Personal information
- Born: August 16, 1899 Utica, New York, U.S.
- Died: August 10, 1966 (aged 67) Philadelphia, Pennsylvania, U.S.
- Listed height: 5 ft 11 in (1.80 m)
- Listed weight: 190 lb (86 kg)

Career information
- High school: Haskell (KS)
- College: Haskell, Southeastern State Teachers (Durant, Oklahoma), Dallas University, Nebraska

Career history
- Frankford Yellow Jackets (1928–1929); Chicago Cardinals (1929); Cincinnati Reds (1933);
- Stats at Pro Football Reference

= Chief Elkins =

American football player and decathlete (1899–1966)
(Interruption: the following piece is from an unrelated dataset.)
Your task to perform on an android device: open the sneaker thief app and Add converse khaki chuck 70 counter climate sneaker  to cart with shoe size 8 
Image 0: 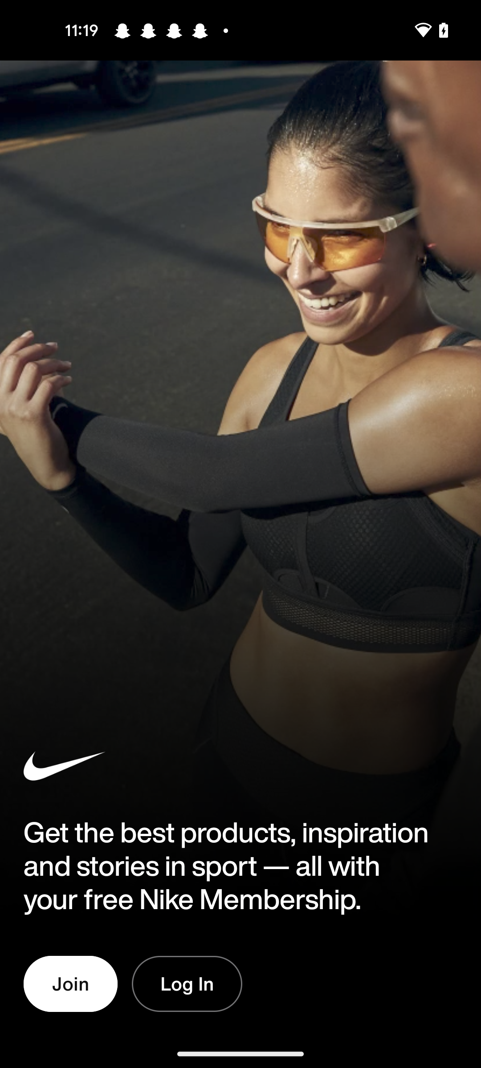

Fait Vernon "Chief" Elkins (August 16, 1899 – August 9, 1966) was an American football player and decathlete.

Elkins was born in Utica, New York, in 1899. He enrolled at the Haskell Indian School at age 15. He played college football at Haskell (1921–1923), Southeastern State Teachers College, Dallas University, and Nebraska (1926–1927). He held the national decathlon record in 1928 while attending Nebraska. He pulled a tendon that prevented him from competing in the 1928 Summer Olympics.

Elkins also played professional football in the National Football League (NFL) as a back for the Frankford Yellow Jackets (1928–1929), Chicago Cardinals (1929), and Cincinnati Reds (1933). He appeared in 20 NFL games, 10 as a starter.

Elkins died in Philadelphia in 1966.

He was posthumously profiled by Sports Illustrated in 1991 as "among the greatest athletes ever seen in this country — a golden sportsman during sport's golden age."